QUATRE(キャトル)の庭

アシュタンガヨガをしているヨギーニのQUATRE(キャトル)です。生活のヒントになるような情報を発信しています。

アシュタンガビギナークラス「肩の力の抜き方がわかりません」という生徒さんにお願いしてみたこと

ヨガをはじめて16年になりますが、15年目となる昨年からヨガのクラスを担当させて頂いています。

私が住んでいるところは中山間地域で、県内でもトップクラスの高齢化が進んでいる地域なのです。市内の婦人会や知り合いのサークルに声をかけてもらっています。クラスに来られるみなさんは私よりも年上の50代60代の女性が中心で、ヨガははじめてという人たちばかりでスタートしました。

アシュタンガヨガ

ヨガにはいろいろな流派がありますが、私がしているヨガは「アシュタンガヨガ」といいます。

どんなヨガかと聞かれると、一言では答えにくいのですが、パワーヨガの元になっている体をしっかり動かすヨガです。呼吸と動きを連動させることで、運動量はしっかりありながらも、気持ちよく続けることができます。

太陽礼拝から立位、座位、フィニッシングとポーズの順番が決まっており、ポーズからポーズへと呼吸と動きを合わせて流れるように体を動かす。 ダイナミックでエネルギッシュなポーズが多く、レッスン後は爽快感を得られるだろう。

(引用元:Yoga Journal Online - ヨガジャーナルオンライン

ヨガの効果

ヨガ初心者の方から、このような質問を受けることがよくあります。

「ヨガをしたら痩せますか?」

「体が硬いけれど、ヨガをしても大丈夫ですか。」

日本では、ヨガのフィットネスやダイエット効果が強調されていますが、ポーズをとることが目的ではありません。

ヨガの三大要素は、「瞑想」「アーサナ(ポーズ)」「呼吸法」です。体を動かすこと(アーサナ)は、そのなかの一部の要素なのです。ゆったりとした深い呼吸でポーズをとることで、ふだん緊張している体や心の緊張をほぐしたり、自分の身体の状態を観察しながら、心のバランスを整えていきます。
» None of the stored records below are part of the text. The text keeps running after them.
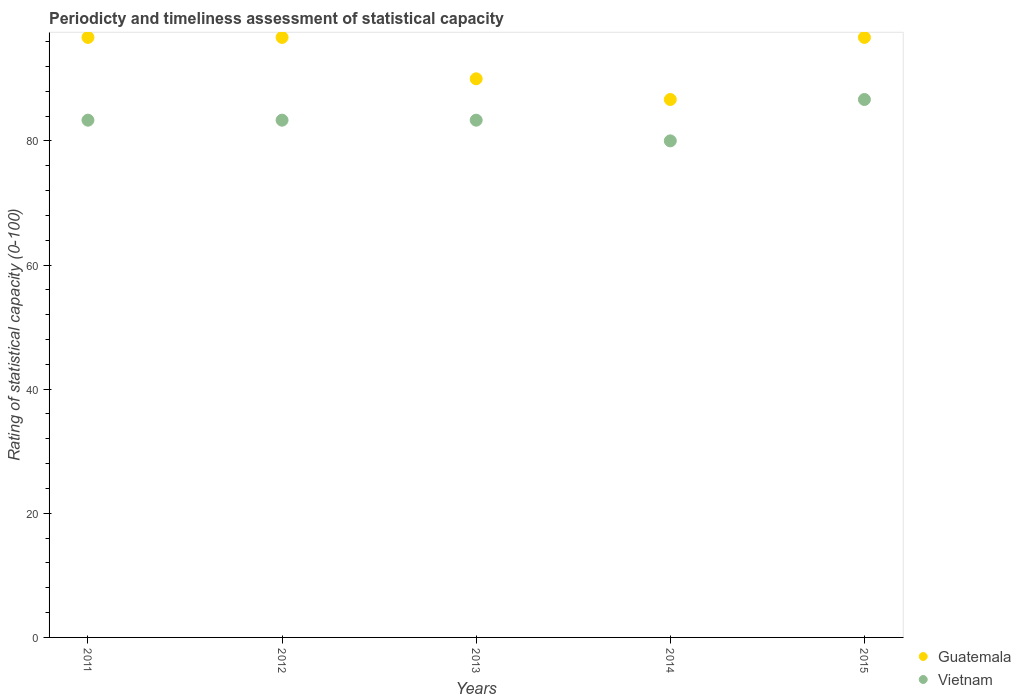How many different coloured dotlines are there?
Offer a very short reply. 2. What is the rating of statistical capacity in Vietnam in 2012?
Provide a succinct answer. 83.33. Across all years, what is the maximum rating of statistical capacity in Guatemala?
Keep it short and to the point. 96.67. Across all years, what is the minimum rating of statistical capacity in Vietnam?
Offer a terse response. 80. In which year was the rating of statistical capacity in Guatemala maximum?
Offer a very short reply. 2015. In which year was the rating of statistical capacity in Vietnam minimum?
Give a very brief answer. 2014. What is the total rating of statistical capacity in Vietnam in the graph?
Offer a terse response. 416.67. What is the difference between the rating of statistical capacity in Vietnam in 2013 and that in 2015?
Your answer should be compact. -3.33. What is the difference between the rating of statistical capacity in Guatemala in 2015 and the rating of statistical capacity in Vietnam in 2013?
Ensure brevity in your answer.  13.33. What is the average rating of statistical capacity in Guatemala per year?
Give a very brief answer. 93.33. In the year 2012, what is the difference between the rating of statistical capacity in Vietnam and rating of statistical capacity in Guatemala?
Offer a very short reply. -13.33. In how many years, is the rating of statistical capacity in Vietnam greater than 16?
Give a very brief answer. 5. What is the ratio of the rating of statistical capacity in Vietnam in 2011 to that in 2014?
Make the answer very short. 1.04. Is the rating of statistical capacity in Vietnam in 2011 less than that in 2014?
Make the answer very short. No. What is the difference between the highest and the second highest rating of statistical capacity in Vietnam?
Offer a terse response. 3.33. What is the difference between the highest and the lowest rating of statistical capacity in Vietnam?
Provide a succinct answer. 6.67. In how many years, is the rating of statistical capacity in Guatemala greater than the average rating of statistical capacity in Guatemala taken over all years?
Offer a very short reply. 3. Is the rating of statistical capacity in Guatemala strictly less than the rating of statistical capacity in Vietnam over the years?
Provide a succinct answer. No. How many years are there in the graph?
Give a very brief answer. 5. Are the values on the major ticks of Y-axis written in scientific E-notation?
Your response must be concise. No. Does the graph contain grids?
Offer a very short reply. No. What is the title of the graph?
Your answer should be compact. Periodicty and timeliness assessment of statistical capacity. What is the label or title of the X-axis?
Offer a terse response. Years. What is the label or title of the Y-axis?
Provide a succinct answer. Rating of statistical capacity (0-100). What is the Rating of statistical capacity (0-100) of Guatemala in 2011?
Offer a very short reply. 96.67. What is the Rating of statistical capacity (0-100) in Vietnam in 2011?
Give a very brief answer. 83.33. What is the Rating of statistical capacity (0-100) in Guatemala in 2012?
Provide a succinct answer. 96.67. What is the Rating of statistical capacity (0-100) of Vietnam in 2012?
Provide a succinct answer. 83.33. What is the Rating of statistical capacity (0-100) of Vietnam in 2013?
Provide a short and direct response. 83.33. What is the Rating of statistical capacity (0-100) in Guatemala in 2014?
Your answer should be very brief. 86.67. What is the Rating of statistical capacity (0-100) of Guatemala in 2015?
Make the answer very short. 96.67. What is the Rating of statistical capacity (0-100) in Vietnam in 2015?
Your answer should be compact. 86.67. Across all years, what is the maximum Rating of statistical capacity (0-100) in Guatemala?
Make the answer very short. 96.67. Across all years, what is the maximum Rating of statistical capacity (0-100) in Vietnam?
Provide a short and direct response. 86.67. Across all years, what is the minimum Rating of statistical capacity (0-100) in Guatemala?
Offer a terse response. 86.67. Across all years, what is the minimum Rating of statistical capacity (0-100) of Vietnam?
Make the answer very short. 80. What is the total Rating of statistical capacity (0-100) in Guatemala in the graph?
Your answer should be compact. 466.67. What is the total Rating of statistical capacity (0-100) in Vietnam in the graph?
Provide a succinct answer. 416.67. What is the difference between the Rating of statistical capacity (0-100) in Guatemala in 2011 and that in 2012?
Your answer should be compact. 0. What is the difference between the Rating of statistical capacity (0-100) of Vietnam in 2011 and that in 2013?
Offer a very short reply. -0. What is the difference between the Rating of statistical capacity (0-100) in Guatemala in 2011 and that in 2015?
Offer a terse response. -0. What is the difference between the Rating of statistical capacity (0-100) in Vietnam in 2011 and that in 2015?
Offer a terse response. -3.33. What is the difference between the Rating of statistical capacity (0-100) in Vietnam in 2012 and that in 2013?
Provide a succinct answer. -0. What is the difference between the Rating of statistical capacity (0-100) in Vietnam in 2012 and that in 2014?
Offer a very short reply. 3.33. What is the difference between the Rating of statistical capacity (0-100) in Guatemala in 2012 and that in 2015?
Give a very brief answer. -0. What is the difference between the Rating of statistical capacity (0-100) of Vietnam in 2012 and that in 2015?
Provide a succinct answer. -3.33. What is the difference between the Rating of statistical capacity (0-100) in Guatemala in 2013 and that in 2014?
Keep it short and to the point. 3.33. What is the difference between the Rating of statistical capacity (0-100) of Guatemala in 2013 and that in 2015?
Your answer should be very brief. -6.67. What is the difference between the Rating of statistical capacity (0-100) in Vietnam in 2013 and that in 2015?
Your answer should be compact. -3.33. What is the difference between the Rating of statistical capacity (0-100) in Vietnam in 2014 and that in 2015?
Your answer should be compact. -6.67. What is the difference between the Rating of statistical capacity (0-100) in Guatemala in 2011 and the Rating of statistical capacity (0-100) in Vietnam in 2012?
Give a very brief answer. 13.33. What is the difference between the Rating of statistical capacity (0-100) of Guatemala in 2011 and the Rating of statistical capacity (0-100) of Vietnam in 2013?
Ensure brevity in your answer.  13.33. What is the difference between the Rating of statistical capacity (0-100) of Guatemala in 2011 and the Rating of statistical capacity (0-100) of Vietnam in 2014?
Offer a terse response. 16.67. What is the difference between the Rating of statistical capacity (0-100) of Guatemala in 2012 and the Rating of statistical capacity (0-100) of Vietnam in 2013?
Provide a short and direct response. 13.33. What is the difference between the Rating of statistical capacity (0-100) of Guatemala in 2012 and the Rating of statistical capacity (0-100) of Vietnam in 2014?
Your response must be concise. 16.67. What is the difference between the Rating of statistical capacity (0-100) in Guatemala in 2013 and the Rating of statistical capacity (0-100) in Vietnam in 2015?
Your answer should be compact. 3.33. What is the average Rating of statistical capacity (0-100) of Guatemala per year?
Offer a very short reply. 93.33. What is the average Rating of statistical capacity (0-100) of Vietnam per year?
Provide a succinct answer. 83.33. In the year 2011, what is the difference between the Rating of statistical capacity (0-100) in Guatemala and Rating of statistical capacity (0-100) in Vietnam?
Offer a terse response. 13.33. In the year 2012, what is the difference between the Rating of statistical capacity (0-100) of Guatemala and Rating of statistical capacity (0-100) of Vietnam?
Give a very brief answer. 13.33. In the year 2014, what is the difference between the Rating of statistical capacity (0-100) of Guatemala and Rating of statistical capacity (0-100) of Vietnam?
Offer a terse response. 6.67. What is the ratio of the Rating of statistical capacity (0-100) of Guatemala in 2011 to that in 2012?
Provide a short and direct response. 1. What is the ratio of the Rating of statistical capacity (0-100) in Vietnam in 2011 to that in 2012?
Make the answer very short. 1. What is the ratio of the Rating of statistical capacity (0-100) in Guatemala in 2011 to that in 2013?
Keep it short and to the point. 1.07. What is the ratio of the Rating of statistical capacity (0-100) of Vietnam in 2011 to that in 2013?
Offer a terse response. 1. What is the ratio of the Rating of statistical capacity (0-100) in Guatemala in 2011 to that in 2014?
Your response must be concise. 1.12. What is the ratio of the Rating of statistical capacity (0-100) in Vietnam in 2011 to that in 2014?
Your response must be concise. 1.04. What is the ratio of the Rating of statistical capacity (0-100) in Guatemala in 2011 to that in 2015?
Give a very brief answer. 1. What is the ratio of the Rating of statistical capacity (0-100) in Vietnam in 2011 to that in 2015?
Ensure brevity in your answer.  0.96. What is the ratio of the Rating of statistical capacity (0-100) in Guatemala in 2012 to that in 2013?
Give a very brief answer. 1.07. What is the ratio of the Rating of statistical capacity (0-100) in Guatemala in 2012 to that in 2014?
Offer a terse response. 1.12. What is the ratio of the Rating of statistical capacity (0-100) in Vietnam in 2012 to that in 2014?
Make the answer very short. 1.04. What is the ratio of the Rating of statistical capacity (0-100) of Guatemala in 2012 to that in 2015?
Ensure brevity in your answer.  1. What is the ratio of the Rating of statistical capacity (0-100) of Vietnam in 2012 to that in 2015?
Give a very brief answer. 0.96. What is the ratio of the Rating of statistical capacity (0-100) of Vietnam in 2013 to that in 2014?
Offer a very short reply. 1.04. What is the ratio of the Rating of statistical capacity (0-100) in Vietnam in 2013 to that in 2015?
Your answer should be compact. 0.96. What is the ratio of the Rating of statistical capacity (0-100) in Guatemala in 2014 to that in 2015?
Offer a terse response. 0.9. What is the difference between the highest and the second highest Rating of statistical capacity (0-100) of Guatemala?
Provide a succinct answer. 0. What is the difference between the highest and the second highest Rating of statistical capacity (0-100) in Vietnam?
Your response must be concise. 3.33. What is the difference between the highest and the lowest Rating of statistical capacity (0-100) in Guatemala?
Offer a terse response. 10.

前屈をしながら「床に手が届かない」自分を観察して、自分は前屈が苦手なんだな、ということが分かるでしょう。

ひねるポーズで、右はここまでしか曲がらないけれど、左だとここまで曲がる、という違いを感じるでしょう。

自分の苦手を受け入れて、だから膝を折って前屈をしよう、という自分にあったアプローチを選択していきます。

日常生活にも自分が得意な場面や苦手な場面に遭遇することが多々あります。そういうときにどうアプローチするか、という心のトレーニングをポーズを通して教えてくれるのが、ヨガかなと思います。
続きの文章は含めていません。